Владимир Соловьев-Американский | Девственники и дефлоратор

Шекспирова мелодрянь 

Оставайтесь в курсе последних событий! Подписывайтесь на наш канал в Telegram.

Ах, где вы, девственные плевы…
Евгений Лесин

– В моем возрасте скрывать возраст опасно – дадут больше. Мне вот-вот юбилейный день рождения стукнет – 70! Если считать с зачатия.

– Сам вычислил или со слов папы с мамой?

– Мамы. Папа у нас был человек застенчивый. Первый их коитус оказался результативным. На следующий день его забри­ли. Может, потому и торопился забросить семя.

– А в кого ты пошел?

– В папу. До красной черты. Перешел ее только однажды – с отчаяния. И вот что из этого вышло.

Мне не привыкать к любовным исповедям. Больше женским, правда. Мужик и в правду чуток застенчив – не только отец мое­го собеседника. А баба, коли ее понесет – не остановить. Из аль­ковных признаний мог бы составить цикл рассказов. А может и книгу. Плюс в почтовом жанре: женщины еще те графоманки – писучи, как писатели. Я не в обиде, что мои одно-, двух-, от силы трехдневки воспринимали меня не только как случайного соите­ля, но еще и как дуэнью. То есть было бы либидно, не будь я сам писателем.

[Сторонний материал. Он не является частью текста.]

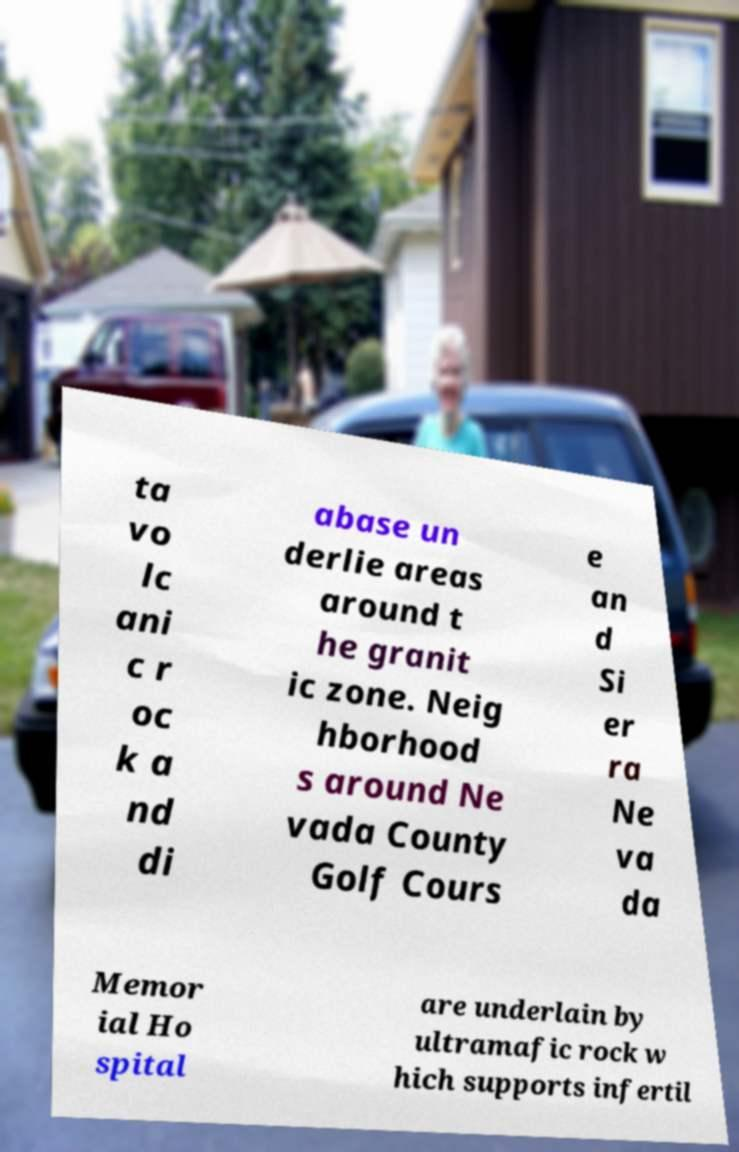Could you assist in decoding the text presented in this image and type it out clearly? ta vo lc ani c r oc k a nd di abase un derlie areas around t he granit ic zone. Neig hborhood s around Ne vada County Golf Cours e an d Si er ra Ne va da Memor ial Ho spital are underlain by ultramafic rock w hich supports infertil

Мужских историй у меня не так много, но с маленькую теле­жку наберется. Добавлю и эту – места хватит. Паче, окромя это­го его рассказа, от моего собеседника мало проку как источника перипетий, фабул и характеров для литературы. Если не считать, что этот мой редактор (один из) выбросил из моего текста фра­зу «Гитлер – создатель Израиля, как Иуда – Христа и христи­анства» и исправил ссылку на цитату, переадресовав ее с Мар­тина Лютера Мартину Лютеру Кингу, а в ответ на мои жалобы отрезал: «С твоим Мартином Лютером не знаком, зато Мартина Лютера Кинга знает всяк». Либо его мемы вроде «Не продается вдохновение, но можно родину продать», «От мелодрамы до ме­лодряни», «Не Венера, но что-то венерическое в ней есть». Но что из этих анекдотов и реплик выдавишь в полноценную прозу? Не тянет. Разве что упоминание, что я и делаю, хотя никакого от­ношения к сюжету, зато к характеру моего персонажа.

Иначе я людей уже и не воспринимаю, относясь к ним сугубо профессионально – корыстно и хищно. А что мне остается? Если изустный рассказ не дотягивает до письменного, я его домысли­ваю, подчас до неузнаваемости типа симулякра, хотя кой-какие из­начальные черты оригинала торчат – отсюда обиды прототипов. Даже за жену додумываю – она в моей ревнучей прозе играет во­ображаемые мужскими персонажами роли, пусть и не ее амплуа (надеюсь).

Зато эту московскую историю дотягивать и домысливать ни­какой нужды. Весь вопрос – дать ее по-чеховски от первого лица, как я слышал, или перевести в третье нейтральное по-моэмовски?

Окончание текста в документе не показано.